## Input material
Content starts

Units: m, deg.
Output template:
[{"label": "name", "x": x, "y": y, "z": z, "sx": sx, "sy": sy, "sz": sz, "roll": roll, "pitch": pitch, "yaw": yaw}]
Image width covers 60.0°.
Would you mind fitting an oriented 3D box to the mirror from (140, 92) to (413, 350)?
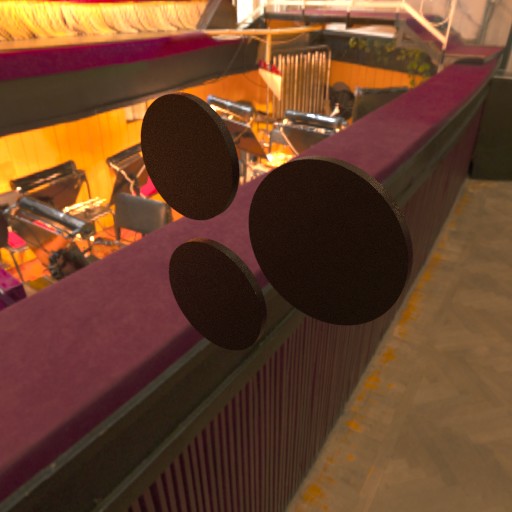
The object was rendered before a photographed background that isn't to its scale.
[{"label": "mirror", "x": 0.000, "y": 0.000, "z": 3.195, "sx": 2.160, "sy": 2.096, "sz": 0.076, "roll": 21, "pitch": 37, "yaw": 31}]
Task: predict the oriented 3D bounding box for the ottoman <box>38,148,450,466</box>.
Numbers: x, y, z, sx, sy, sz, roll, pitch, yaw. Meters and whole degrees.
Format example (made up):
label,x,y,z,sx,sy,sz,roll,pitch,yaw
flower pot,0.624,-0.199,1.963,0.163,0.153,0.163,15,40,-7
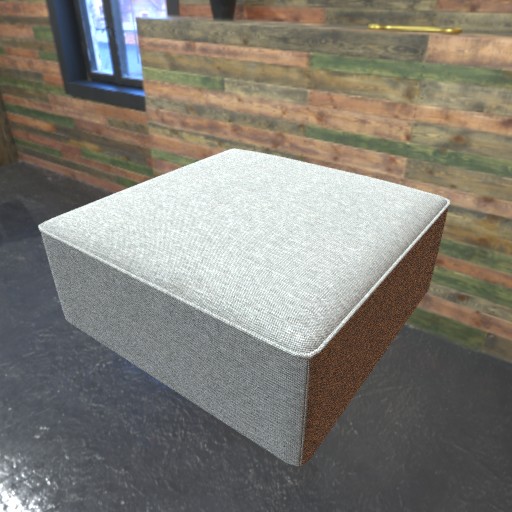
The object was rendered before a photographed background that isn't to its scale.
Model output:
label,x,y,z,sx,sy,sz,roll,pitch,yaw
ottoman,0.000,0.000,1.564,1.005,0.455,1.005,21,37,31
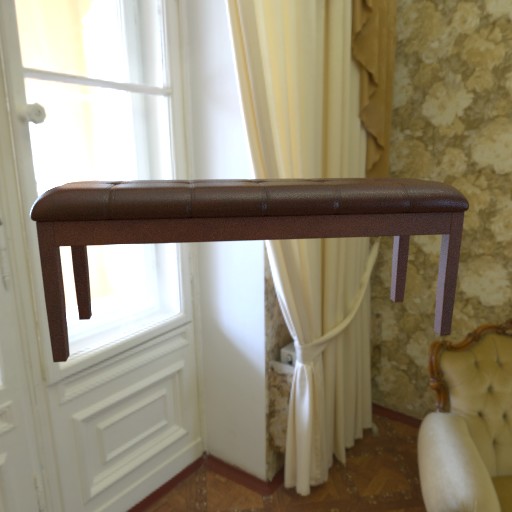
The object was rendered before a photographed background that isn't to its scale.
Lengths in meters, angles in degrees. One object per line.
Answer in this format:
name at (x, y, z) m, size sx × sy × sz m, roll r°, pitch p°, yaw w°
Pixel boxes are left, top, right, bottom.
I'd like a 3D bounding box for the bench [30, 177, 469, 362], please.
bench at (0.000, 0.000, 1.470) m, size 1.259 × 0.491 × 0.401 m, roll -2°, pitch 14°, yaw -9°
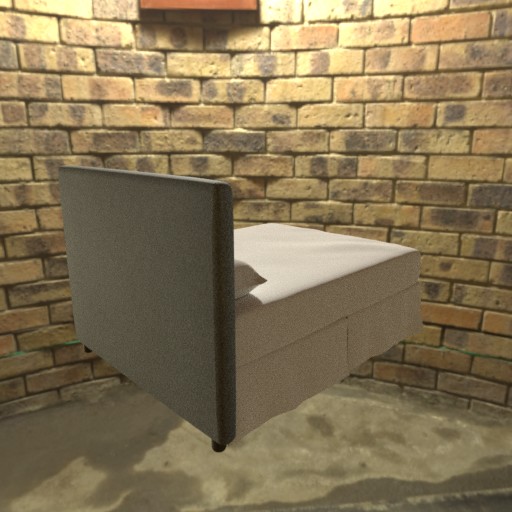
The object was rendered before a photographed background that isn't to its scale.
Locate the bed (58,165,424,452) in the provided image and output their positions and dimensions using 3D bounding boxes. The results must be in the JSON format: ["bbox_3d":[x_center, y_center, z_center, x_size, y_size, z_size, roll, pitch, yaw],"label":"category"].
[{"bbox_3d":[0.000,0.000,3.234,2.142,1.330,1.723,-14,20,-43],"label":"bed"}]
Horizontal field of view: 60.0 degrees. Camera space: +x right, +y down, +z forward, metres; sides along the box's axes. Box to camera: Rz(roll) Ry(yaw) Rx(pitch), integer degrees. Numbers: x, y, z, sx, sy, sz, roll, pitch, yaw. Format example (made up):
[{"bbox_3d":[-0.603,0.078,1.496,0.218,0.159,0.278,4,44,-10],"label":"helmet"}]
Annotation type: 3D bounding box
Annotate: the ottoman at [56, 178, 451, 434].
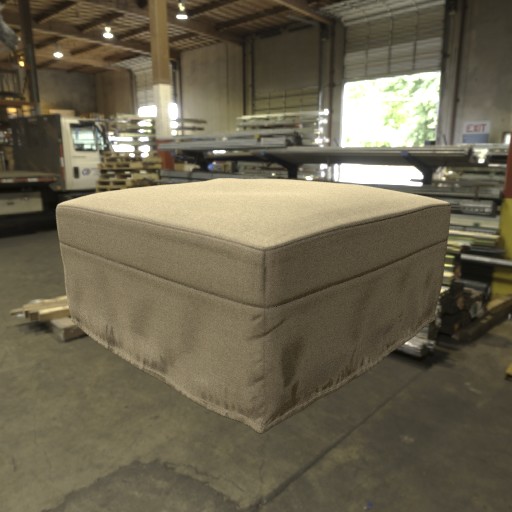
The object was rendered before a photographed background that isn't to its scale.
[{"bbox_3d":[0.000,0.000,1.321,0.840,0.436,0.843,13,19,42],"label":"ottoman"}]
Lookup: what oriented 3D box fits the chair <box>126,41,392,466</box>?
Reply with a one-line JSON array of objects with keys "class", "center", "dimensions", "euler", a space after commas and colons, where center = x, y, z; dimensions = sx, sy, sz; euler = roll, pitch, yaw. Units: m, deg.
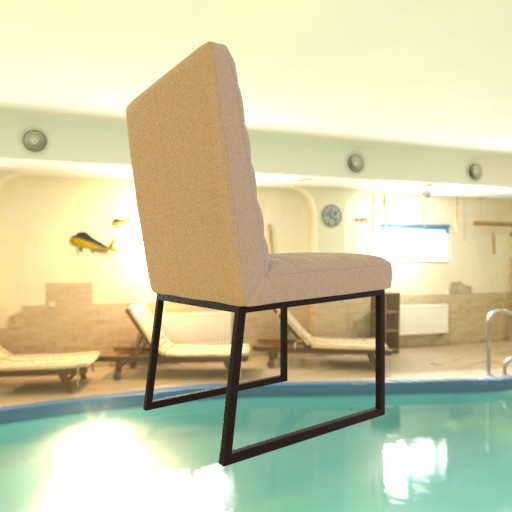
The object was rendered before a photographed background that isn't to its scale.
[{"class": "chair", "center": [0.000, 0.000, 1.312], "dimensions": [0.634, 0.930, 0.520], "euler": [0, 0, -36]}]
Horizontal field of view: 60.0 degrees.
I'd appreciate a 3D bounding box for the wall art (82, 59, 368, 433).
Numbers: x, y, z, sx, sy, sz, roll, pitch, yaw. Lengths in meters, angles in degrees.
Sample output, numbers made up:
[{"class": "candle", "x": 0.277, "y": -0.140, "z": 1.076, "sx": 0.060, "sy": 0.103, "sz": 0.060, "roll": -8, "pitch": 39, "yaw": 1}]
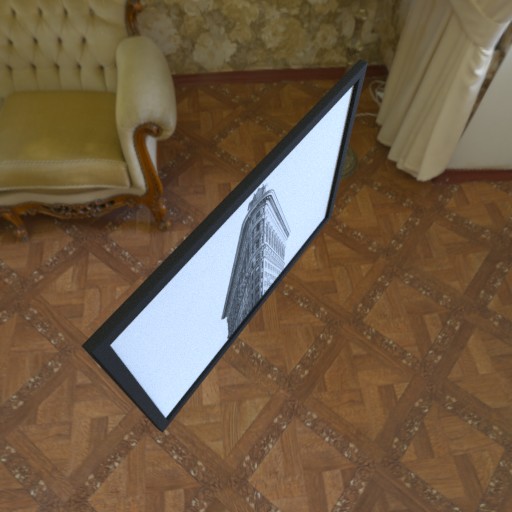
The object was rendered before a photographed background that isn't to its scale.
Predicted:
[{"class": "wall art", "x": 0.000, "y": 0.000, "z": 1.219, "sx": 0.049, "sy": 0.659, "sz": 0.964, "roll": 33, "pitch": 63, "yaw": 19}]
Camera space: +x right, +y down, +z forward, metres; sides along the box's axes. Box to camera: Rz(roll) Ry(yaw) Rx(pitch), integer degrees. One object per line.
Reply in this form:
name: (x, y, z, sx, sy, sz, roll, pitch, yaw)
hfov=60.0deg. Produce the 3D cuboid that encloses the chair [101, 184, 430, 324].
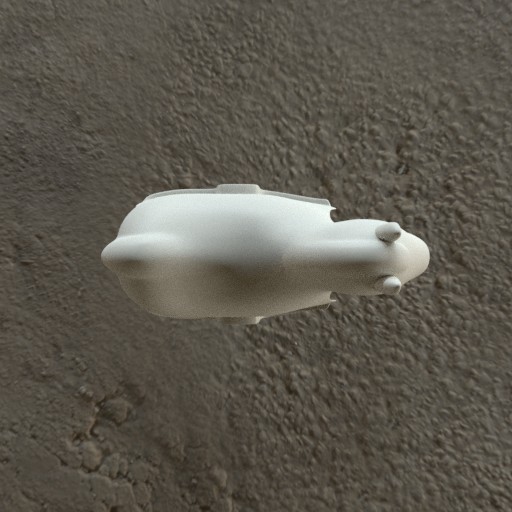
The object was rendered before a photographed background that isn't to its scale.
chair: (0.000, 0.000, 1.133, 0.800, 0.612, 0.429, 0, 91, 0)
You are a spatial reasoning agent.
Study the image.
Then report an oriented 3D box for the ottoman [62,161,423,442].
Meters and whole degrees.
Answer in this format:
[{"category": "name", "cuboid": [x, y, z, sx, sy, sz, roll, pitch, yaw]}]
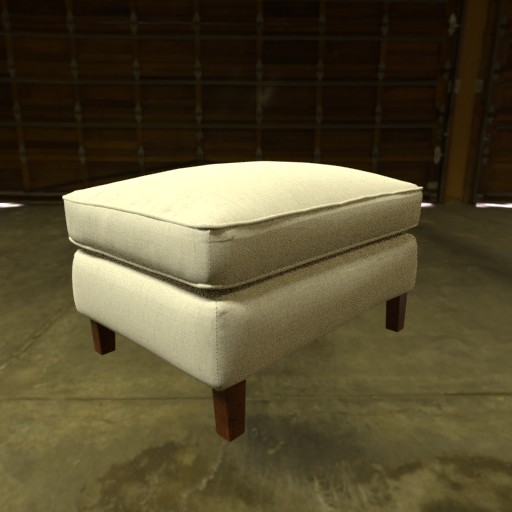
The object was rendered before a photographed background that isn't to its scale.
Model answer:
[{"category": "ottoman", "cuboid": [0.000, 0.000, 0.983, 0.501, 0.406, 0.665, 14, 21, 42]}]
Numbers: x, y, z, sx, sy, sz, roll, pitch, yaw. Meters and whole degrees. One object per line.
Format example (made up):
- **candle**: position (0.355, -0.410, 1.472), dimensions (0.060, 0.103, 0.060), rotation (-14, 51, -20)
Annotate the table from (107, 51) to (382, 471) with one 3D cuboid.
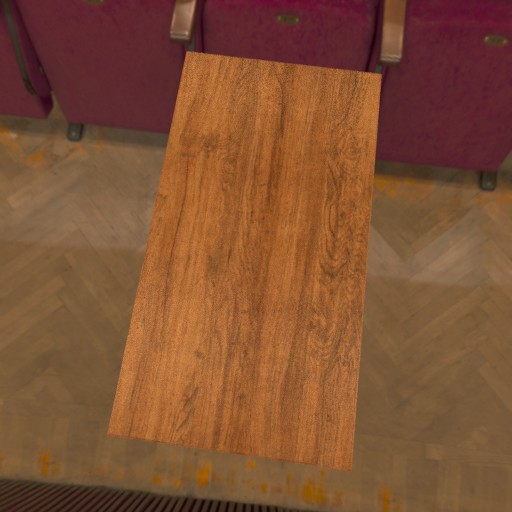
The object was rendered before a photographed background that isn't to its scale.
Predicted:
- **table**: position (0.000, 0.000, 1.481), dimensions (0.635, 0.480, 1.150), rotation (8, 76, 2)
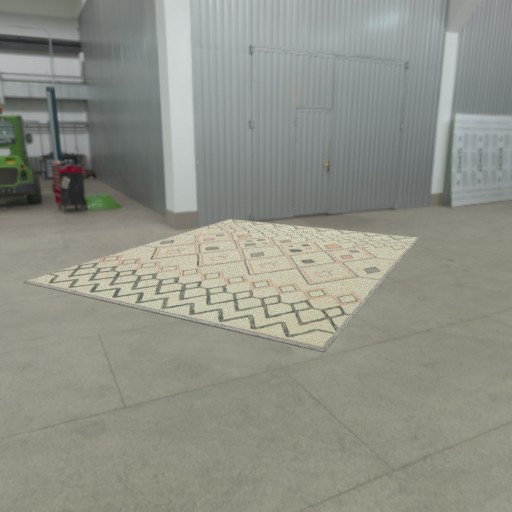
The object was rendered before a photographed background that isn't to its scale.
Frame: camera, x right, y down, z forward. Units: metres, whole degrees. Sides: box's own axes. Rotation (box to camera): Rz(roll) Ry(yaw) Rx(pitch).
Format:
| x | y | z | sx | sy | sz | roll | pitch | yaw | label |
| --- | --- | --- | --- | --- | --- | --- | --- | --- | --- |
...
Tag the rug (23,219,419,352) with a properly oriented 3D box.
| x | y | z | sx | sy | sz | roll | pitch | yaw | label |
| --- | --- | --- | --- | --- | --- | --- | --- | --- | --- |
| 0.000 | 0.000 | 4.143 | 2.441 | 0.016 | 3.050 | 8 | 17 | 27 | rug |
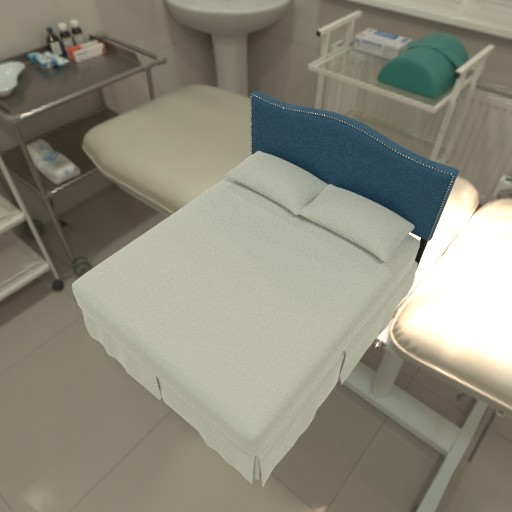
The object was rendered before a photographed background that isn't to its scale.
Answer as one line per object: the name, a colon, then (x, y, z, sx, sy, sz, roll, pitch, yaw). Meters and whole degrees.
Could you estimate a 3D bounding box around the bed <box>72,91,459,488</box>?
bed: (0.000, 0.000, 2.840, 1.610, 1.169, 1.872, 31, 54, 26)
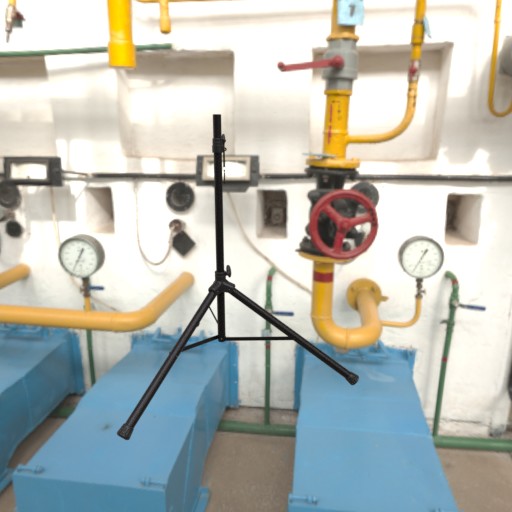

Content ends

From the line containing "Could you estimate" to the last line of the entries, output every line exactly as written, but leave out the pictures.

## Exercise solution
Could you estimate a 3D bounding box around the bed <box>72,91,459,488</box>?
bed: (0.000, 0.000, 2.840, 1.610, 1.169, 1.872, 31, 54, 26)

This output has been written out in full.